Some 45% of Kenyan women report experiencing physical or sexual violence, while police data shows gender-based violence cases have risen more than 30% in five years.

Experts point to several reasons for this crisis: Entrenched gender norms, economic dependence, an under-resourced justice systems, and the cultural discouragement of reporting abuse, especially in rural areas where police stations, courts, and hospitals can be hours away.

For Evelyn, things began to change when she joined Sauti Ya Wanawake, a grassroots women’s movement and a partner of ActionAid, supported by Irish Aid funding. Through counselling and practical support, she slowly rebuilt her confidence.

A small livelihood grant helped her start a poultry business.

The chickens multiplied. I now earn enough to provide for my family.

Mother of six Mary is chairwoman of the Sauti Ya Wanawake group. One of the area’s first female councillors, her political rise angered her husband and male community leaders. The abuse escalated until he attacked her with a knife and machete. She survived only because a farm worker intervened. Reporting the attack led to her husband’s arrest, and to her in-laws ostracising her and accusing her of “shaming” the family.

Today, Mary leads this group of 40 survivors. The Kishushe Resource Centre holds vocational courses in a range of skills including tailoring, beekeeping, and agroecology. It has become a place of renewal and dignity. The women plant on the land here, and their recent tomato harvest earned 40,000 Kenyan shillings, which was shared and used to pay school fees and food.

But the centre’s deeper value is emotional: A space where women talk, laugh, and begin to piece their lives back together.

Women are also supported to report cases and hold community dialogues with chiefs, elders, and teachers.

“These conversations are shifting mindsets,” Mary told me. “Men are beginning to understand that violence is not discipline.
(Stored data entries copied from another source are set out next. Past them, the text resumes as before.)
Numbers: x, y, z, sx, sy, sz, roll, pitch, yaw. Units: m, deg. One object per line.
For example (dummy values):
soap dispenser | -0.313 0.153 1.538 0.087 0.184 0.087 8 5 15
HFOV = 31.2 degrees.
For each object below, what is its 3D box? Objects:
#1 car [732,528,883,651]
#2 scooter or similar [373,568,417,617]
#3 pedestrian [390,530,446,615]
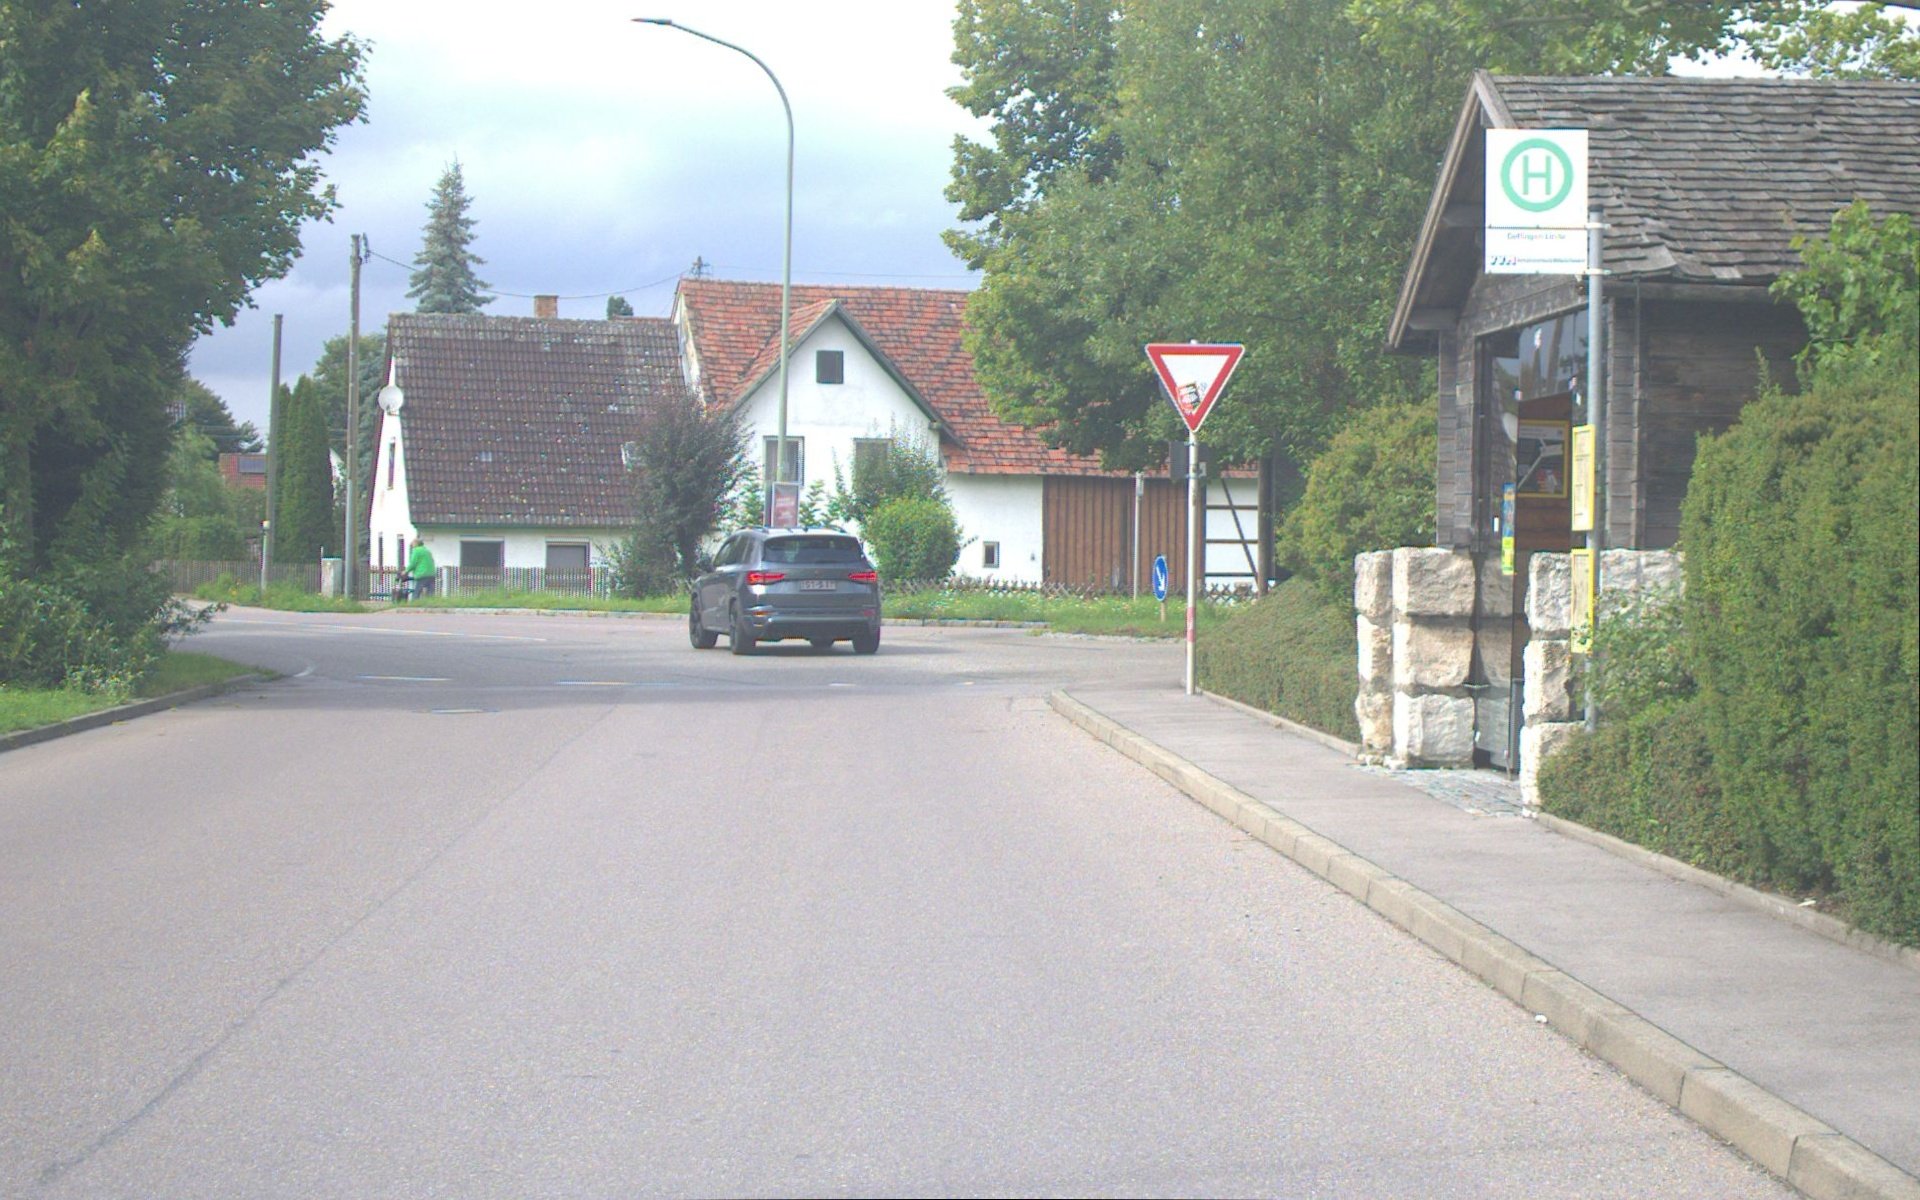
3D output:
car | -1.952 -0.163 43.088 1.798 1.457 3.663 1 1 -4
scooter or similar | -11.682 -0.152 71.097 0.630 0.945 0.622 5 -2 -34
pedestrian | -11.139 -0.563 70.647 0.788 1.659 0.712 5 -2 -34

Women have rights.”

Irish Aid’s long-term, flexible support has been critical to sustaining this change. Last year its funding of ActionAid Ireland resulted in 5,000 women in Kenya accessing safe spaces, counselling, medical care and legal aid. More than 1,200 women were able to take their first steps towards independence through leadership training, financial literacy and livelihood opportunities.

“Irish Aid funding allows us to stay in communities long enough to build trust and challenge harmful norms,” said ActionAid Ireland CEO, Karol Balfe. 

Ending femicide is a long road, but survivors are leading the way.

Femicide and gender-based violence are global crises not confined to Kenya.

“Femicide is rising at an alarming rate in many countries,” said Ms Balfe. 

“According to the World Health Organization, about one in three women worldwide — roughly 30% — have experienced physical and/or sexual violence by an intimate partner or non-partner at some point in their lives. The UN estimates that around 50,000 women and girls were killed in 2024 by intimate partners or family members worldwide.”

In Ireland, 277 women have been killed since 1996; in nine out of 10 cases, the killer was a man known to the victim. One in two women in Ireland experiences sexual violence.

Standing among the women in Kishushe, I felt I was witnessing a quiet revolution. This was not a group of victims, rather a group of survivors who had found healing and a collective voice.